An American expert in trading with China says New Zealand needs to protect its unique technologies and industries or it could permanently lose them to Chinese buyers.
Professor Usha Haley, who has emigrated to New Zealand to join Massey University's business school, said New Zealand needed to tread carefully in its bid to do business with the economic giant.
Haley has just come from Harvard Kennedy School in the United States where she studied the growth of Chinese businesses in the steel, glass, paper and forestry industries.
In five years China moved from being a small player to some of the largest exporters in those industries.
Haley said China's strength was always touted as being its cheap labour force. But the industries it had become strong in were capital-intensive and labour was only a small part.
At the same time raw material costs had skyrocketed and energy costs such as oil and electricity had also risen.
"I wanted to see where the advantage lay. It didn't lie in efficiencies - many of the companies involved were small and didn't enjoy economies of scale."
Haley isolated large subsidies from the Chinese Government as the driving force. China was flush with capital - it was a form of state capitalism.
The subsidies were not good for the global economy because of the assumption that the most efficient businesses will become the dominant players.
"Free trade works on assumptions and in China this doesn't happen."
Chinese companies were heavily subsidised and had thin margins. They did not need to make a profit because they were propped up by the Government.

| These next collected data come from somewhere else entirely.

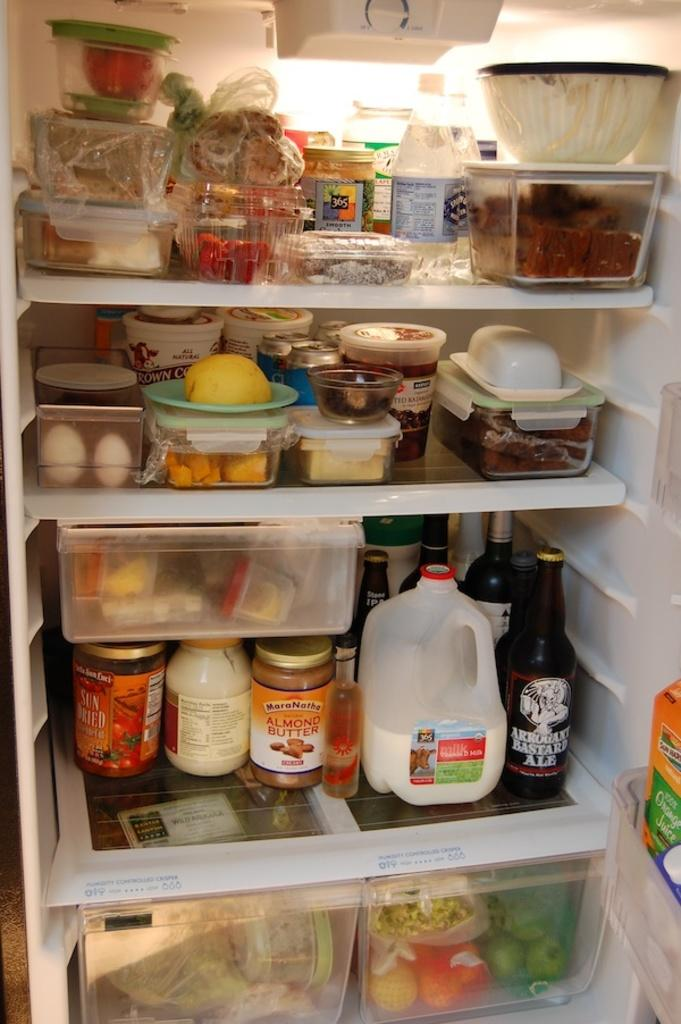Provide a one-sentence caption for the provided image. A refridgerator that has milk on the bottom with a bottle of Arrogant Bastard Ale next to it. 
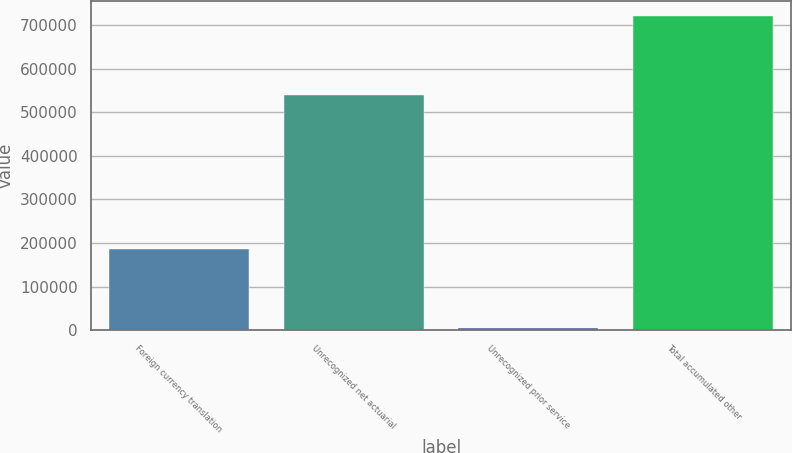Convert chart to OTSL. <chart><loc_0><loc_0><loc_500><loc_500><bar_chart><fcel>Foreign currency translation<fcel>Unrecognized net actuarial<fcel>Unrecognized prior service<fcel>Total accumulated other<nl><fcel>186998<fcel>538614<fcel>5401<fcel>720211<nl></chart> 
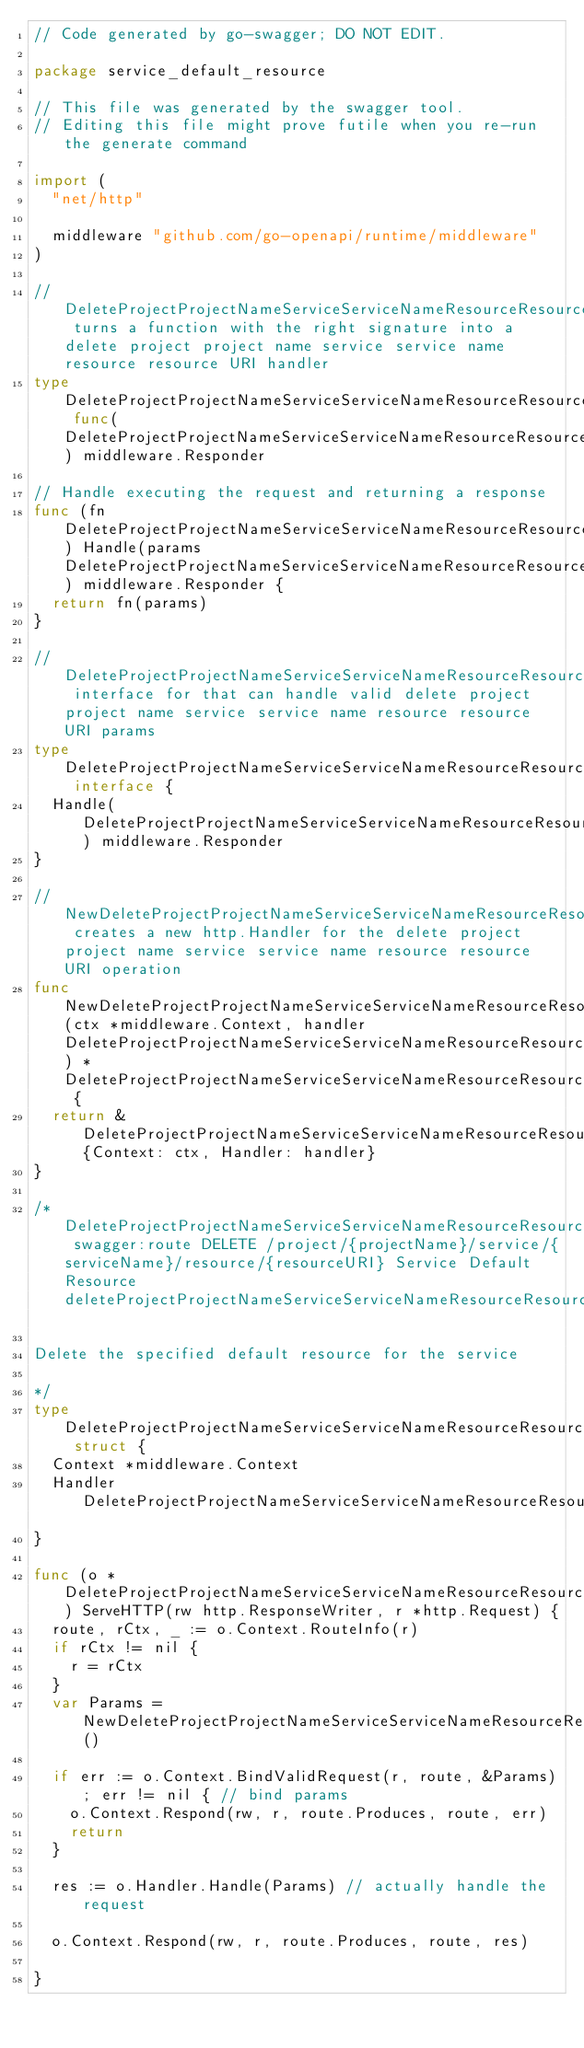<code> <loc_0><loc_0><loc_500><loc_500><_Go_>// Code generated by go-swagger; DO NOT EDIT.

package service_default_resource

// This file was generated by the swagger tool.
// Editing this file might prove futile when you re-run the generate command

import (
	"net/http"

	middleware "github.com/go-openapi/runtime/middleware"
)

// DeleteProjectProjectNameServiceServiceNameResourceResourceURIHandlerFunc turns a function with the right signature into a delete project project name service service name resource resource URI handler
type DeleteProjectProjectNameServiceServiceNameResourceResourceURIHandlerFunc func(DeleteProjectProjectNameServiceServiceNameResourceResourceURIParams) middleware.Responder

// Handle executing the request and returning a response
func (fn DeleteProjectProjectNameServiceServiceNameResourceResourceURIHandlerFunc) Handle(params DeleteProjectProjectNameServiceServiceNameResourceResourceURIParams) middleware.Responder {
	return fn(params)
}

// DeleteProjectProjectNameServiceServiceNameResourceResourceURIHandler interface for that can handle valid delete project project name service service name resource resource URI params
type DeleteProjectProjectNameServiceServiceNameResourceResourceURIHandler interface {
	Handle(DeleteProjectProjectNameServiceServiceNameResourceResourceURIParams) middleware.Responder
}

// NewDeleteProjectProjectNameServiceServiceNameResourceResourceURI creates a new http.Handler for the delete project project name service service name resource resource URI operation
func NewDeleteProjectProjectNameServiceServiceNameResourceResourceURI(ctx *middleware.Context, handler DeleteProjectProjectNameServiceServiceNameResourceResourceURIHandler) *DeleteProjectProjectNameServiceServiceNameResourceResourceURI {
	return &DeleteProjectProjectNameServiceServiceNameResourceResourceURI{Context: ctx, Handler: handler}
}

/*DeleteProjectProjectNameServiceServiceNameResourceResourceURI swagger:route DELETE /project/{projectName}/service/{serviceName}/resource/{resourceURI} Service Default Resource deleteProjectProjectNameServiceServiceNameResourceResourceUri

Delete the specified default resource for the service

*/
type DeleteProjectProjectNameServiceServiceNameResourceResourceURI struct {
	Context *middleware.Context
	Handler DeleteProjectProjectNameServiceServiceNameResourceResourceURIHandler
}

func (o *DeleteProjectProjectNameServiceServiceNameResourceResourceURI) ServeHTTP(rw http.ResponseWriter, r *http.Request) {
	route, rCtx, _ := o.Context.RouteInfo(r)
	if rCtx != nil {
		r = rCtx
	}
	var Params = NewDeleteProjectProjectNameServiceServiceNameResourceResourceURIParams()

	if err := o.Context.BindValidRequest(r, route, &Params); err != nil { // bind params
		o.Context.Respond(rw, r, route.Produces, route, err)
		return
	}

	res := o.Handler.Handle(Params) // actually handle the request

	o.Context.Respond(rw, r, route.Produces, route, res)

}
</code> 
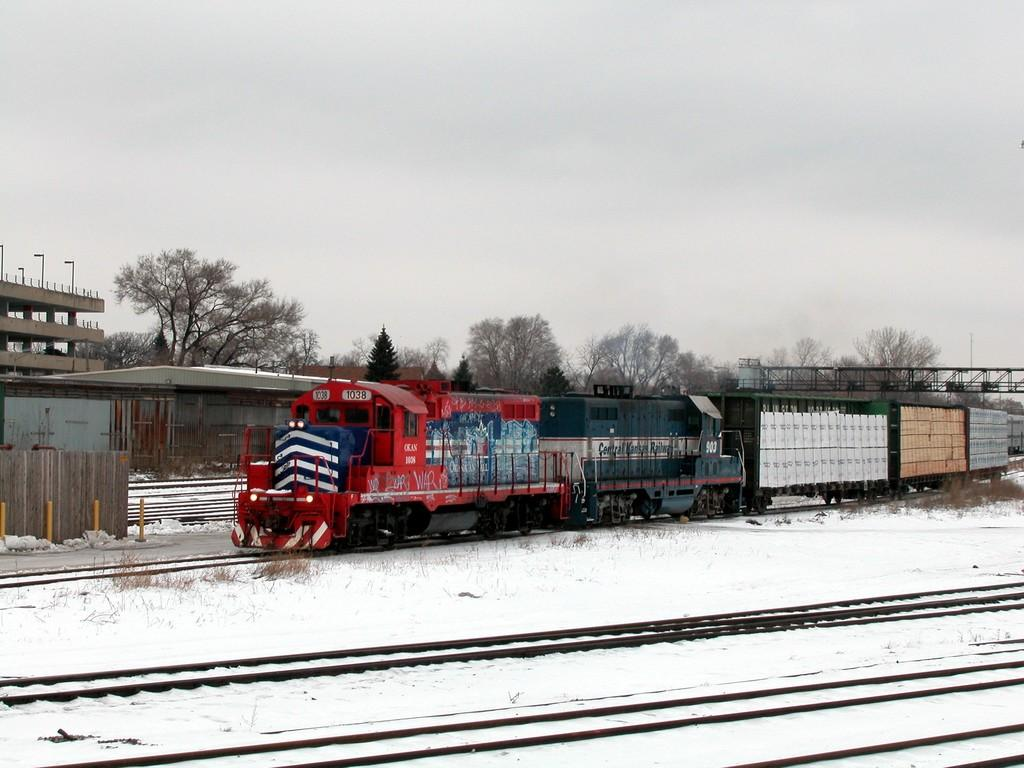What is the main subject of the image? The main subject of the image is a train. Can you describe the train's location in the image? The train is on a track in the image. How is the train visually depicted? The train is colorful in the image. What type of weather is shown in the image? There is snow visible in the image. What can be seen in the background of the image? There is a shed and many trees in the background of the image, as well as the sky. What type of grain is being harvested by the rake in the image? There is no rake or grain present in the image; it features a colorful train on a track with snow in the background.

In a free trade environment developed countries saw it as imperative to grow their economies.
But China was a developing nation and saw its political growth being just as important as economic growth.
In the United States some smaller industries had been wiped out after growing Chinese trade and what had caused ripples in the US could cause a tsunami in New Zealand, she warned.
Haley said New Zealand needed to consider how important its industries were to the economy and the national identity.
It didn't mean New Zealand should stop doing business with China but caution was needed.
"New Zealand needs to wall off its critical technologies and understand the risks before proceeding."
Haley said New Zealand needed to act quickly.
"One thing about the Chinese is that they move very fast. That is one of their strengths."